Hyperbolic normal stochastic volatility model

TL;DR

This paper introduces a new continuous-time stochastic volatility model based on hyperbolic functions, offering closed-form simulation and heavy-tailed distribution properties, improving upon existing models like SABR.

Contribution

It proposes a novel hyperbolic stochastic volatility model with closed-form simulation and links to Johnson's $S_U$ distribution, enhancing heavy-tailed modeling in finance.

Findings

Model has a closed-form Monte-Carlo simulation scheme.

Transition probability follows Johnson's $S_U$ distribution.

Empirically similar but analytically superior to normal SABR.

Abstract

For option pricing models and heavy-tailed distributions, this study proposes a continuous-time stochastic volatility model based on an arithmetic Brownian motion: a one-parameter extension of the normal stochastic alpha-beta-rho (SABR) model.
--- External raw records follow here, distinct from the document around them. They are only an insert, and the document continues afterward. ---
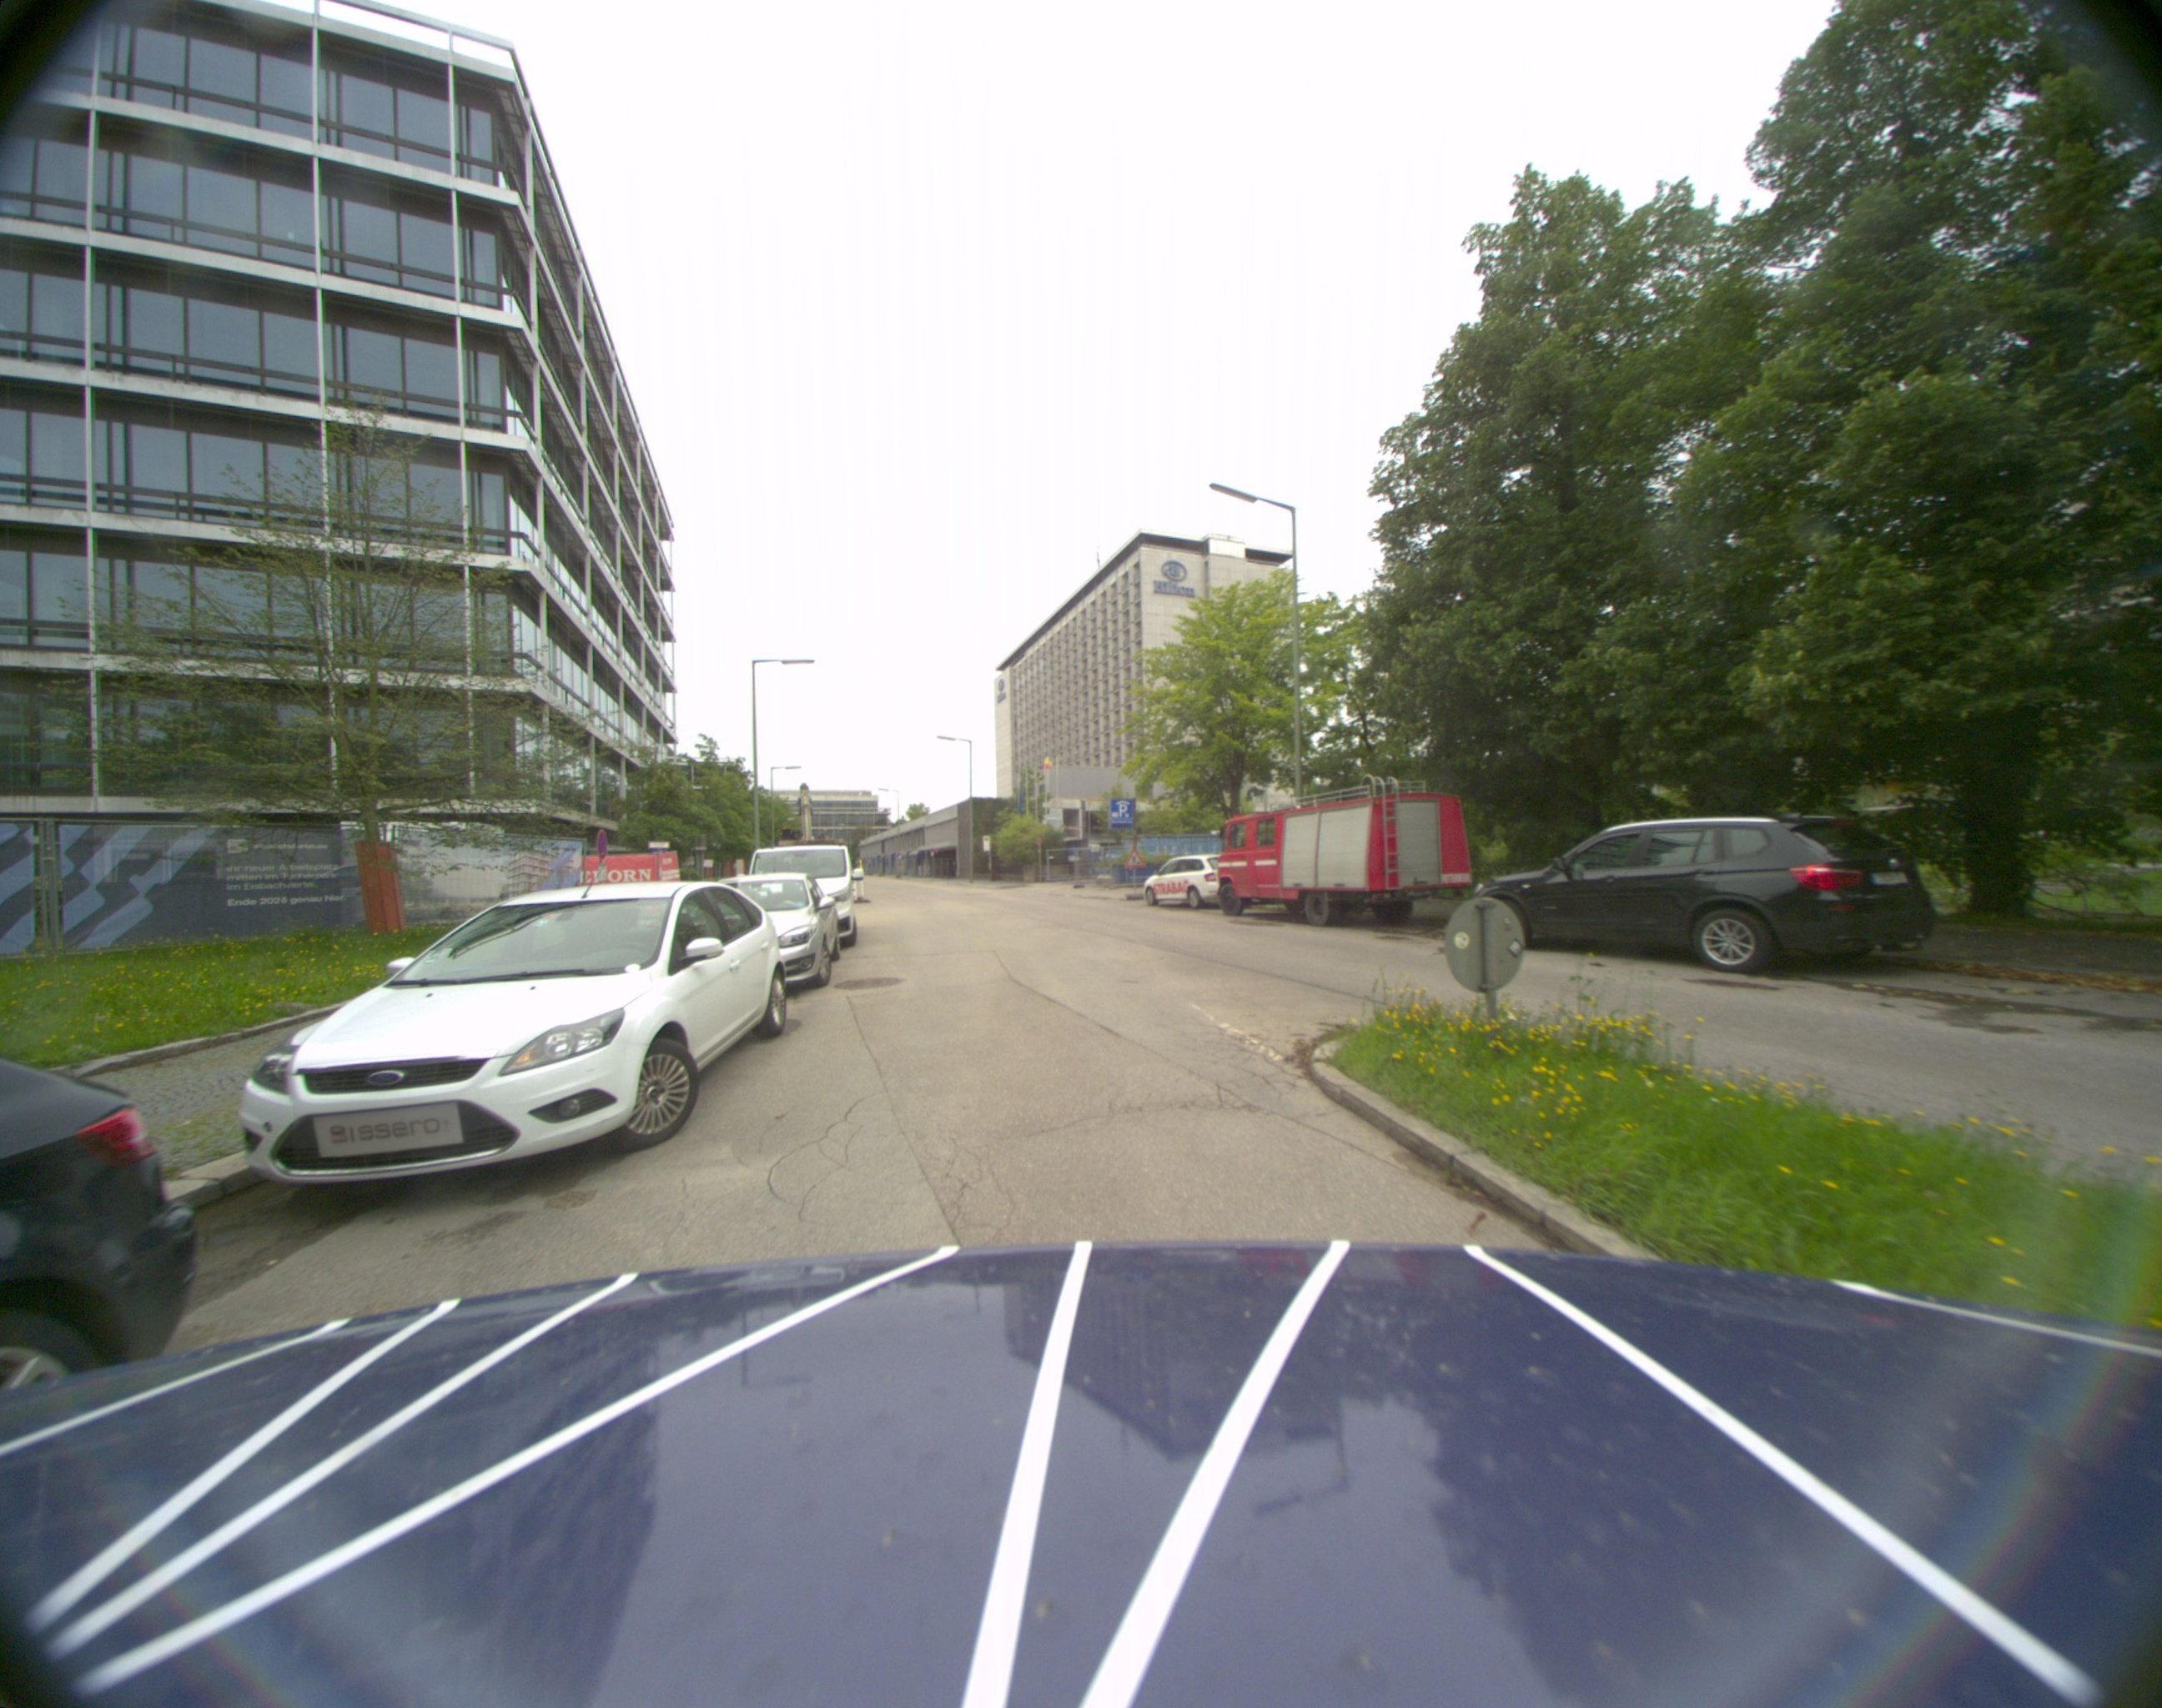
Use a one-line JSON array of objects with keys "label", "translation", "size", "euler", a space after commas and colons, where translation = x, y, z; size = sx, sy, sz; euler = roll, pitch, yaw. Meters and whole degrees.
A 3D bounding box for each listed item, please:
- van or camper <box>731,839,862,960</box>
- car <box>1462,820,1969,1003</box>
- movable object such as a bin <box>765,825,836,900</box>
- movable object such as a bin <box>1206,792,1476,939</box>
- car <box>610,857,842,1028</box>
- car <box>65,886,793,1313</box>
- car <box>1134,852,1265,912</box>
[{"label": "van or camper", "translation": [-5.622, 0.763, 15.661], "size": [2.001, 2.002, 5.369], "euler": [-2, 1, -16]}, {"label": "car", "translation": [7.127, 0.524, 9.260], "size": [1.783, 1.640, 4.453], "euler": [-2, 0, -18]}, {"label": "movable object such as a bin", "translation": [-15.832, 0.392, 42.474], "size": [3.255, 3.695, 8.990], "euler": [-2, 1, -22]}, {"label": "movable object such as a bin", "translation": [4.968, 0.197, 15.895], "size": [2.112, 2.444, 6.178], "euler": [-1, 0, -17]}, {"label": "car", "translation": [-4.467, 0.935, 10.359], "size": [2.001, 1.718, 4.444], "euler": [-2, 1, -14]}, {"label": "car", "translation": [-3.425, 1.071, 5.233], "size": [1.772, 1.477, 4.217], "euler": [-1, 0, -8]}, {"label": "car", "translation": [3.338, 0.756, 22.300], "size": [1.784, 1.540, 4.249], "euler": [-2, 0, -23]}]

Using two generalized Bougerol's identities in the literature, the study shows that our model has a closed-form Monte-Carlo simulation scheme and that the transition probability for one special case follows Johnson's $S_U$ distribution---a popular heavy-tailed distribution originally proposed without stochastic process. It is argued that the $S_U$ distribution serves as an analytically superior alternative to the normal SABR model because the two distributions are empirically similar.